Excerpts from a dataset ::
[Start of section]

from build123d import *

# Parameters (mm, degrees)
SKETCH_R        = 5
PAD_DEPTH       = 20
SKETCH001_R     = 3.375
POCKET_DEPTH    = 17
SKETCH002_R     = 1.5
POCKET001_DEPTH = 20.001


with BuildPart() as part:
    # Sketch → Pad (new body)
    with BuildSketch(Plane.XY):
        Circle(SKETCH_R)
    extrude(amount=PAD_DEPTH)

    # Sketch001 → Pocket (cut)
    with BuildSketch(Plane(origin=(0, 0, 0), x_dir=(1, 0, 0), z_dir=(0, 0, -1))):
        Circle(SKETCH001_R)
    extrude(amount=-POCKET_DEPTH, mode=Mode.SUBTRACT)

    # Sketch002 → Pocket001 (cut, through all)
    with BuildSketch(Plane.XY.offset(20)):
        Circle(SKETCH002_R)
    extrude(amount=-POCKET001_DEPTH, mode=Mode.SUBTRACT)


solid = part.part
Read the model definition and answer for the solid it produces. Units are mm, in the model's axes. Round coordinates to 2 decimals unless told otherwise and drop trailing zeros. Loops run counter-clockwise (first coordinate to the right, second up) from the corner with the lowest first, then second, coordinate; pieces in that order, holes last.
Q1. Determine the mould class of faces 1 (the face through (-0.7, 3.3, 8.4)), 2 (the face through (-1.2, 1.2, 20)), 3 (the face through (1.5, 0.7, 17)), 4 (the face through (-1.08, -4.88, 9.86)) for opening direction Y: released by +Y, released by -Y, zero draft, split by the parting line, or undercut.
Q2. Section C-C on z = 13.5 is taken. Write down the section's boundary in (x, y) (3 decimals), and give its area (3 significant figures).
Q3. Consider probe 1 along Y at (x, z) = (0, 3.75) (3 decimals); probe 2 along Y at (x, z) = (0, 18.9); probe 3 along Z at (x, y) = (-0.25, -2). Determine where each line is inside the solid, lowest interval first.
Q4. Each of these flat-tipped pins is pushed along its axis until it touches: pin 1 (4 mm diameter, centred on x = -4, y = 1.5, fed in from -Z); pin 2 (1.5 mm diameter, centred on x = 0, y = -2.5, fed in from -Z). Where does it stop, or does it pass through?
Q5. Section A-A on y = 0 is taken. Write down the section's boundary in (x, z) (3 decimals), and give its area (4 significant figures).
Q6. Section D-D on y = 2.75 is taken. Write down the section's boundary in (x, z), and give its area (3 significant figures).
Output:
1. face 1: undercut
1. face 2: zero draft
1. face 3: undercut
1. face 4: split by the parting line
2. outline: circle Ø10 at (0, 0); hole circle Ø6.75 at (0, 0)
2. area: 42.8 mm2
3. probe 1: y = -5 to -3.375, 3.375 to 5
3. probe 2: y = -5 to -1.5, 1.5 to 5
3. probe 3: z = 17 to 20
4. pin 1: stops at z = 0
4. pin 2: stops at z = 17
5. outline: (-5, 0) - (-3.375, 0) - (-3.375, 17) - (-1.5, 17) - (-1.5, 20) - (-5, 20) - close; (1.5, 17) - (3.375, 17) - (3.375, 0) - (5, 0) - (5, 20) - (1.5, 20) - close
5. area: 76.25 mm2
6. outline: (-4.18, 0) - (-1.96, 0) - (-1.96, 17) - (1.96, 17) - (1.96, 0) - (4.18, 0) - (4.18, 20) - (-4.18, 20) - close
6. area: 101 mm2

[End of section]

Assignment :: Each record must be output word for word.

Completed task ::
from build123d import *

# Parameters (mm, degrees)
SKETCH_R        = 5
PAD_DEPTH       = 20
SKETCH001_R     = 3.375
POCKET_DEPTH    = 17
SKETCH002_R     = 1.5
POCKET001_DEPTH = 20.001


with BuildPart() as part:
    # Sketch → Pad (new body)
    with BuildSketch(Plane.XY):
        Circle(SKETCH_R)
    extrude(amount=PAD_DEPTH)

    # Sketch001 → Pocket (cut)
    with BuildSketch(Plane(origin=(0, 0, 0), x_dir=(1, 0, 0), z_dir=(0, 0, -1))):
        Circle(SKETCH001_R)
    extrude(amount=-POCKET_DEPTH, mode=Mode.SUBTRACT)

    # Sketch002 → Pocket001 (cut, through all)
    with BuildSketch(Plane.XY.offset(20)):
        Circle(SKETCH002_R)
    extrude(amount=-POCKET001_DEPTH, mode=Mode.SUBTRACT)


solid = part.part
Read the model definition and answer for the solid it produces. Units are mm, in the model's axes. Round coordinates to 2 decimals unless told otherwise and drop trailing zeros. Loops run counter-clockwise (first coordinate to the right, second up) from the corner with the lowest first, then second, coordinate; pieces in that order, holes last.
Q1. Determine the mould class of faces 1 (the face through (-0.7, 3.3, 8.4)), 2 (the face through (-1.2, 1.2, 20)), 3 (the face through (1.5, 0.7, 17)), 4 (the face through (-1.08, -4.88, 9.86)) for opening direction Y: released by +Y, released by -Y, zero draft, split by the parting line, or undercut.
Q2. Section C-C on z = 13.5 is taken. Write down the section's boundary in (x, y) (3 decimals), and give its area (3 significant figures).
Q3. Consider probe 1 along Y at (x, z) = (0, 3.75) (3 decimals); probe 2 along Y at (x, z) = (0, 18.9); probe 3 along Z at (x, y) = (-0.25, -2). Determine where each line is inside the solid, lowest interval first.
Q4. Each of these flat-tipped pins is pushed along its axis until it touches: pin 1 (4 mm diameter, centred on x = -4, y = 1.5, fed in from -Z); pin 2 (1.5 mm diameter, centred on x = 0, y = -2.5, fed in from -Z). Where does it stop, or does it pass through?
Q5. Section A-A on y = 0 is taken. Write down the section's boundary in (x, z) (3 decimals), and give its area (4 significant figures).
Q6. Section D-D on y = 2.75 is taken. Write down the section's boundary in (x, z), and give its area (3 significant figures).
Output:
1. face 1: undercut
1. face 2: zero draft
1. face 3: undercut
1. face 4: split by the parting line
2. outline: circle Ø10 at (0, 0); hole circle Ø6.75 at (0, 0)
2. area: 42.8 mm2
3. probe 1: y = -5 to -3.375, 3.375 to 5
3. probe 2: y = -5 to -1.5, 1.5 to 5
3. probe 3: z = 17 to 20
4. pin 1: stops at z = 0
4. pin 2: stops at z = 17
5. outline: (-5, 0) - (-3.375, 0) - (-3.375, 17) - (-1.5, 17) - (-1.5, 20) - (-5, 20) - close; (1.5, 17) - (3.375, 17) - (3.375, 0) - (5, 0) - (5, 20) - (1.5, 20) - close
5. area: 76.25 mm2
6. outline: (-4.18, 0) - (-1.96, 0) - (-1.96, 17) - (1.96, 17) - (1.96, 0) - (4.18, 0) - (4.18, 20) - (-4.18, 20) - close
6. area: 101 mm2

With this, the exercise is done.